Why I am Saying No to the Auction House
If you've played an MMO in the last two decades, you've probably spent more time than you'd like to admit staring at an auction house interface. Sorting columns. Comparing prices. Undercutting by one copper. Refreshing. It's efficient, sure, but let's be honest with ourselves: is it fun?
I don't think so. And that's why I'm doing things differently.
The Problem with Centralized Auction Houses
The auction house is one of those features that sounds great on paper. A single, global marketplace where every player can buy and sell anything. Total convenience. Perfect information. Maximum efficiency.
But that efficiency comes at a real cost, and the currency it spends is the soul of your game world.
It kills discovery. When every item in the game is three search filters away, there's no reason to explore. No reason to wander into an unfamiliar district and stumble upon exactly the sword you didn't know you needed. The thrill of the find disappears when everything is indexed and sorted alphabetically.
It replaces play with spreadsheets. A centralized auction house inevitably turns your economy into a stock market. Players stop thinking about gear as tools for adventure and start thinking about price-per-stat-point ratios. The game stops feeling like a world and starts feeling like a day job with worse graphics.
It hollows out player interaction. Why talk to another player when you can just click "buyout"? The auction house replaces conversation, negotiation, and reputation with anonymous transactions. You never learn who the best crafter on your server is. You never haggle. You never build a relationship with your go-to supplier. The other players in your world become nothing more than a username on a listing.
I believe a trading system should make the world feel more alive, not less.
My Approach: Trade Like It's a Living World
Instead of funneling every transaction through a single sterile interface, I'm building systems that keep trading rooted in the world itself. Two systems in particular.
Player Vendors in Player Housing
If you've ever played Ultima Online, you already know the magic of this. Players will be able to place vendors inside their own homes, NPCs that display and sell goods on your behalf, even while you're offline.
This means the world becomes the marketplace. Walking through a player neighborhood turns into a shopping experience. You'll spot a house with a vendor out front, poke your head in, and browse what they've got. Maybe it's a weaponsmith who only sells enchanted axes. Maybe it's a collector offloading rare finds from last week's dungeon run. Every vendor tells a story about the player behind it.
It brings back the joy of discovery. It gives players a reason to travel, to explore neighborhoods, to build a reputation. That house on the hill with the great prices? Word gets around. Communities form around it.
NPC Consignment in Cities
Not everyone wants to maintain a house, and not everyone is ready to set up shop. That's where city NPCs come in.

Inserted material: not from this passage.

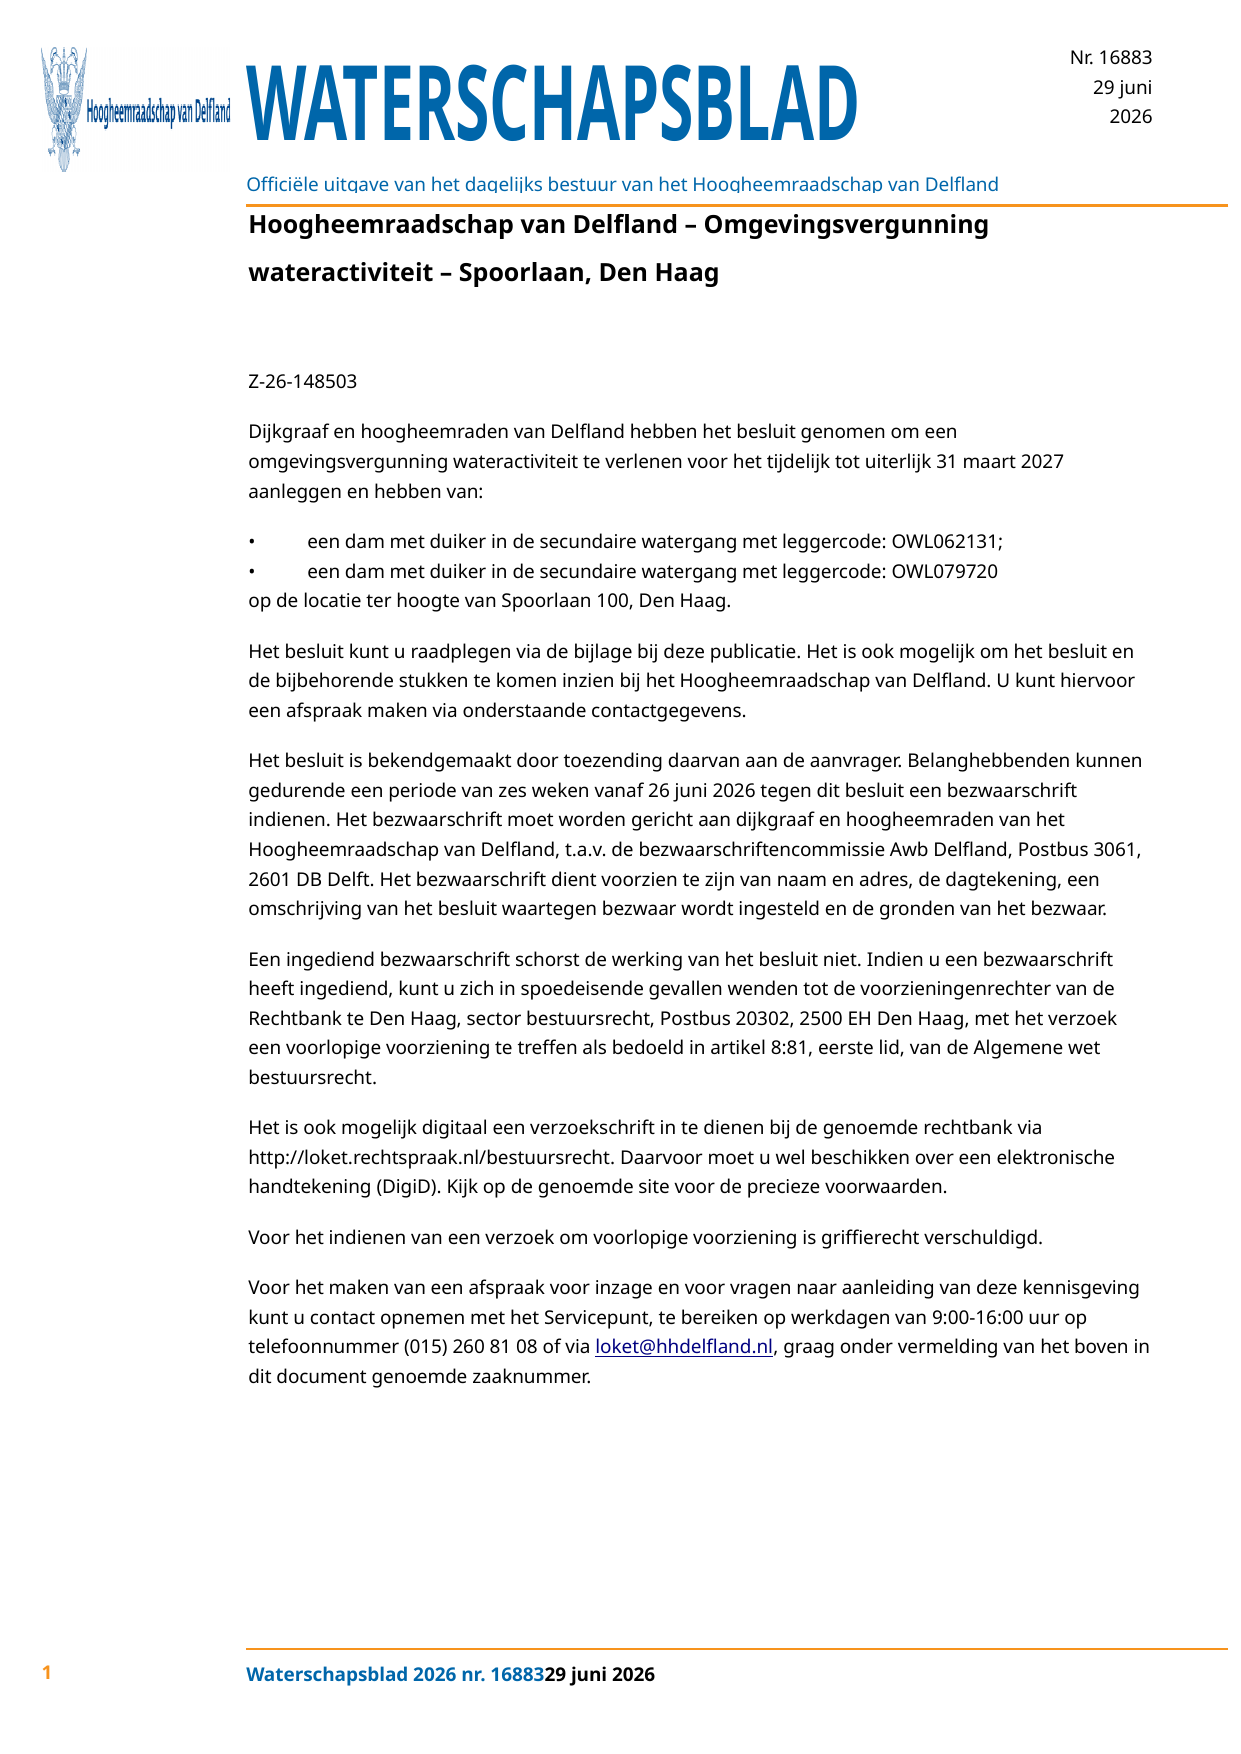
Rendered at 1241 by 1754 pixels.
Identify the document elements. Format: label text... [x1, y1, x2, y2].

Players will be able to hand their goods over to existing NPC shopkeepers in towns and cities. The blacksmith, the alchemist, the general goods merchant. These NPCs will then sell your items alongside their usual stock, taking a commission for the service.
Want to sell a batch of steel swords? Bring them to the city blacksmith. A traveler browsing his wares might pick up yours without even realizing it was player-crafted. Or they might notice the quality and start asking around about who made it.
This system means that cities stay relevant as trade hubs. NPCs feel like participants in the economy rather than static vending machines. And new players experience a world where the line between the game's economy and the players' economy is beautifully blurred.
What I'm Really Building
At the end of the day, this isn't just about where you click to buy a helmet. It's about what kind of world I want to build.
I want a world where trading is an adventure in itself. Where finding a great deal feels like finding treasure. Where crafters become known by name. Where a trip into town is full of surprises.